*** Opening of Input material ***
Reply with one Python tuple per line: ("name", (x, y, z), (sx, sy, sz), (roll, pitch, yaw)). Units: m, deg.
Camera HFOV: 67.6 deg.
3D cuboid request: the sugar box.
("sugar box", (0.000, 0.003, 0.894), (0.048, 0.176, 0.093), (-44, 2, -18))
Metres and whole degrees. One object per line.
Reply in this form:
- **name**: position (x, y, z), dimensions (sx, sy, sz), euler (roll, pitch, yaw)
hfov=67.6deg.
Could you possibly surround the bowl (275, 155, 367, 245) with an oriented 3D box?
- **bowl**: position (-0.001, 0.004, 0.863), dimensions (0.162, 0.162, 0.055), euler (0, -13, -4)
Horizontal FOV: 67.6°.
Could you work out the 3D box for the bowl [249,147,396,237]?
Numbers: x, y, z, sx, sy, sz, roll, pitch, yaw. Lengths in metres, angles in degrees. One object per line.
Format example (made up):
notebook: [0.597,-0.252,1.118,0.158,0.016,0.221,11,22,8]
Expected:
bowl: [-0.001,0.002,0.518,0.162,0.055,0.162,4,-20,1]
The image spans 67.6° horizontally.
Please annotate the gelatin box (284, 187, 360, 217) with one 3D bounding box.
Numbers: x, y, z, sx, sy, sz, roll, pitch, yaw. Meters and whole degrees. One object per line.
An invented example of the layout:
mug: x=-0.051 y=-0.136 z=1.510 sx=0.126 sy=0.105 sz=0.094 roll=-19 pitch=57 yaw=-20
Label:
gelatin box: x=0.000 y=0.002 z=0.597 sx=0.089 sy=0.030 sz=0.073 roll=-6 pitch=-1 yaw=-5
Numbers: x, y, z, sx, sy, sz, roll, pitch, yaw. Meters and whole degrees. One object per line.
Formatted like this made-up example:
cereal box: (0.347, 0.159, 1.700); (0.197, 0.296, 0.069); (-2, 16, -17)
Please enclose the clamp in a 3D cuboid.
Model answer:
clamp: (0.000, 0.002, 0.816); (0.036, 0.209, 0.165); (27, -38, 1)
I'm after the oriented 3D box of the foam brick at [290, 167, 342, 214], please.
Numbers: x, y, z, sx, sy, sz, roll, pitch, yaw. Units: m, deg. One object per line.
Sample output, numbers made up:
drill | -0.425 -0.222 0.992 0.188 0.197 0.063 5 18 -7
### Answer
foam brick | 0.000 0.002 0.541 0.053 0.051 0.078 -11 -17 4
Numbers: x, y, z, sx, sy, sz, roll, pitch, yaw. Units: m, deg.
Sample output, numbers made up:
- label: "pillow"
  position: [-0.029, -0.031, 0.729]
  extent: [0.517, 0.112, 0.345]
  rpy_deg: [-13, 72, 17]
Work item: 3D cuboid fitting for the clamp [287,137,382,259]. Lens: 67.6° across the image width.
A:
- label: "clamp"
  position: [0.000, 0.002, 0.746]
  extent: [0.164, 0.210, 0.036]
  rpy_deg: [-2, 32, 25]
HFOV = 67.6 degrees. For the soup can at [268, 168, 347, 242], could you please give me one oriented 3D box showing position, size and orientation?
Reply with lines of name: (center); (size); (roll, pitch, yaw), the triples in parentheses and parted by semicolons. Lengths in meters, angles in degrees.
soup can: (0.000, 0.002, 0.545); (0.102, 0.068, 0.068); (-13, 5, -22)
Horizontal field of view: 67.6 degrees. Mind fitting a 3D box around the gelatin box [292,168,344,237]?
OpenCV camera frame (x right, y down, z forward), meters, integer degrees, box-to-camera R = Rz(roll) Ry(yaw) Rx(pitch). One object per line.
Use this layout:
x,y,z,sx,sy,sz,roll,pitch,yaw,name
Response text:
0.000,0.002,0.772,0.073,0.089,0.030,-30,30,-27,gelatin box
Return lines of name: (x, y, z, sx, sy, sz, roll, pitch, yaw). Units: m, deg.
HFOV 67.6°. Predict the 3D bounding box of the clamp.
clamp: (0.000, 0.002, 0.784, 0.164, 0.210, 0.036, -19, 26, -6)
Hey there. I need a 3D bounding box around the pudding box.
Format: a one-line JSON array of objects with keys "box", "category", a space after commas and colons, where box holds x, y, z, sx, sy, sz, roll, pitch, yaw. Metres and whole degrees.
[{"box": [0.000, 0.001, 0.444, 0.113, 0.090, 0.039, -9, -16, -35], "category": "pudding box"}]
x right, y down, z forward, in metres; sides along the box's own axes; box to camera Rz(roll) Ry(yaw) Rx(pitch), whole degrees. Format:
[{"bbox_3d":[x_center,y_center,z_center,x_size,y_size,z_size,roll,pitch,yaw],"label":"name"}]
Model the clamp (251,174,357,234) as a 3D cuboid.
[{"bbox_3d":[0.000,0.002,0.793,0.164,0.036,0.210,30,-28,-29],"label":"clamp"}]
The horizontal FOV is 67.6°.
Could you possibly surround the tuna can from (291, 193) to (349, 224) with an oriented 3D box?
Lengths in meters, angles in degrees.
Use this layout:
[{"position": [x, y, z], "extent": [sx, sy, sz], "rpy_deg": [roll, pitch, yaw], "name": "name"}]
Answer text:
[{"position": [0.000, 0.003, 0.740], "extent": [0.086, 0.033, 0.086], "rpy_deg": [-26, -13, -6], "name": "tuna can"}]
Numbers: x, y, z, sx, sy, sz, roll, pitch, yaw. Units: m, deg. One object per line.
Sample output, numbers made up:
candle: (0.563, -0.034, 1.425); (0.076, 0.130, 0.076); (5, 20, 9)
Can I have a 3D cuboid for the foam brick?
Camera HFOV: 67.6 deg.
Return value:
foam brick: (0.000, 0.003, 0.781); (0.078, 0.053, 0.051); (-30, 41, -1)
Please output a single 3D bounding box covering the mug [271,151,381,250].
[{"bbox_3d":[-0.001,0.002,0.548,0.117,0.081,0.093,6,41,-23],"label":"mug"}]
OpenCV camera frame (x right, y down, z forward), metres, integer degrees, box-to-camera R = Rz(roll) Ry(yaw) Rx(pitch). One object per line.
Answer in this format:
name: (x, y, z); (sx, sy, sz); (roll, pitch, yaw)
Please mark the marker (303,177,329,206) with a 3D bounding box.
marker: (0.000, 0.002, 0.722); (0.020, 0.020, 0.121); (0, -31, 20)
*** Close of Input material ***
# [What is being asked]
Everything in the listing is to be restated exactly.

# [Written answer]
Reply with one Python tuple per line: ("name", (x, y, z), (sx, sy, sz), (roll, pitch, yaw)). Units: m, deg.
Camera HFOV: 67.6 deg.
3D cuboid request: the sugar box.
("sugar box", (0.000, 0.003, 0.894), (0.048, 0.176, 0.093), (-44, 2, -18))
Metres and whole degrees. One object per line.
Reply in this form:
- **name**: position (x, y, z), dimensions (sx, sy, sz), euler (roll, pitch, yaw)
hfov=67.6deg.
Could you possibly surround the bowl (275, 155, 367, 245) with an oriented 3D box?
- **bowl**: position (-0.001, 0.004, 0.863), dimensions (0.162, 0.162, 0.055), euler (0, -13, -4)
Horizontal FOV: 67.6°.
Could you work out the 3D box for the bowl [249,147,396,237]?
Numbers: x, y, z, sx, sy, sz, roll, pitch, yaw. Lengths in metres, angles in degrees. One object per line.
Format example (made up):
notebook: [0.597,-0.252,1.118,0.158,0.016,0.221,11,22,8]
Expected:
bowl: [-0.001,0.002,0.518,0.162,0.055,0.162,4,-20,1]
The image spans 67.6° horizontally.
Please annotate the gelatin box (284, 187, 360, 217) with one 3D bounding box.
Numbers: x, y, z, sx, sy, sz, roll, pitch, yaw. Meters and whole degrees. One object per line.
An invented example of the layout:
mug: x=-0.051 y=-0.136 z=1.510 sx=0.126 sy=0.105 sz=0.094 roll=-19 pitch=57 yaw=-20
Label:
gelatin box: x=0.000 y=0.002 z=0.597 sx=0.089 sy=0.030 sz=0.073 roll=-6 pitch=-1 yaw=-5
Numbers: x, y, z, sx, sy, sz, roll, pitch, yaw. Meters and whole degrees. One object per line.
Formatted like this made-up example:
cereal box: (0.347, 0.159, 1.700); (0.197, 0.296, 0.069); (-2, 16, -17)
Please enclose the clamp in a 3D cuboid.
Model answer:
clamp: (0.000, 0.002, 0.816); (0.036, 0.209, 0.165); (27, -38, 1)
I'm after the oriented 3D box of the foam brick at [290, 167, 342, 214], please.
Numbers: x, y, z, sx, sy, sz, roll, pitch, yaw. Units: m, deg. One object per line.
Sample output, numbers made up:
drill | -0.425 -0.222 0.992 0.188 0.197 0.063 5 18 -7
### Answer
foam brick | 0.000 0.002 0.541 0.053 0.051 0.078 -11 -17 4
Numbers: x, y, z, sx, sy, sz, roll, pitch, yaw. Units: m, deg.
Sample output, numbers made up:
- label: "pillow"
  position: [-0.029, -0.031, 0.729]
  extent: [0.517, 0.112, 0.345]
  rpy_deg: [-13, 72, 17]
Work item: 3D cuboid fitting for the clamp [287,137,382,259]. Lens: 67.6° across the image width.
A:
- label: "clamp"
  position: [0.000, 0.002, 0.746]
  extent: [0.164, 0.210, 0.036]
  rpy_deg: [-2, 32, 25]
HFOV = 67.6 degrees. For the soup can at [268, 168, 347, 242], could you please give me one oriented 3D box showing position, size and orientation?
Reply with lines of name: (center); (size); (roll, pitch, yaw), the triples in parentheses and parted by semicolons. Lengths in meters, angles in degrees.
soup can: (0.000, 0.002, 0.545); (0.102, 0.068, 0.068); (-13, 5, -22)
Horizontal field of view: 67.6 degrees. Mind fitting a 3D box around the gelatin box [292,168,344,237]?
OpenCV camera frame (x right, y down, z forward), meters, integer degrees, box-to-camera R = Rz(roll) Ry(yaw) Rx(pitch). One object per line.
Use this layout:
x,y,z,sx,sy,sz,roll,pitch,yaw,name
Response text:
0.000,0.002,0.772,0.073,0.089,0.030,-30,30,-27,gelatin box
Return lines of name: (x, y, z, sx, sy, sz, roll, pitch, yaw). Units: m, deg.
HFOV 67.6°. Predict the 3D bounding box of the clamp.
clamp: (0.000, 0.002, 0.784, 0.164, 0.210, 0.036, -19, 26, -6)
Hey there. I need a 3D bounding box around the pudding box.
Format: a one-line JSON array of objects with keys "box", "category", a space after commas and colons, where box holds x, y, z, sx, sy, sz, roll, pitch, yaw. Metres and whole degrees.
[{"box": [0.000, 0.001, 0.444, 0.113, 0.090, 0.039, -9, -16, -35], "category": "pudding box"}]
x right, y down, z forward, in metres; sides along the box's own axes; box to camera Rz(roll) Ry(yaw) Rx(pitch), whole degrees. Format:
[{"bbox_3d":[x_center,y_center,z_center,x_size,y_size,z_size,roll,pitch,yaw],"label":"name"}]
Model the clamp (251,174,357,234) as a 3D cuboid.
[{"bbox_3d":[0.000,0.002,0.793,0.164,0.036,0.210,30,-28,-29],"label":"clamp"}]
The horizontal FOV is 67.6°.
Could you possibly surround the tuna can from (291, 193) to (349, 224) with an oriented 3D box?
Lengths in meters, angles in degrees.
Use this layout:
[{"position": [x, y, z], "extent": [sx, sy, sz], "rpy_deg": [roll, pitch, yaw], "name": "name"}]
Answer text:
[{"position": [0.000, 0.003, 0.740], "extent": [0.086, 0.033, 0.086], "rpy_deg": [-26, -13, -6], "name": "tuna can"}]
Numbers: x, y, z, sx, sy, sz, roll, pitch, yaw. Units: m, deg. One object per line.
Sample output, numbers made up:
candle: (0.563, -0.034, 1.425); (0.076, 0.130, 0.076); (5, 20, 9)
Can I have a 3D cuboid for the foam brick?
Camera HFOV: 67.6 deg.
Return value:
foam brick: (0.000, 0.003, 0.781); (0.078, 0.053, 0.051); (-30, 41, -1)
Please output a single 3D bounding box covering the mug [271,151,381,250].
[{"bbox_3d":[-0.001,0.002,0.548,0.117,0.081,0.093,6,41,-23],"label":"mug"}]
OpenCV camera frame (x right, y down, z forward), metres, integer degrees, box-to-camera R = Rz(roll) Ry(yaw) Rx(pitch). One object per line.
Answer in this format:
name: (x, y, z); (sx, sy, sz); (roll, pitch, yaw)
Please mark the marker (303,177,329,206) with a 3D bounding box.
marker: (0.000, 0.002, 0.722); (0.020, 0.020, 0.121); (0, -31, 20)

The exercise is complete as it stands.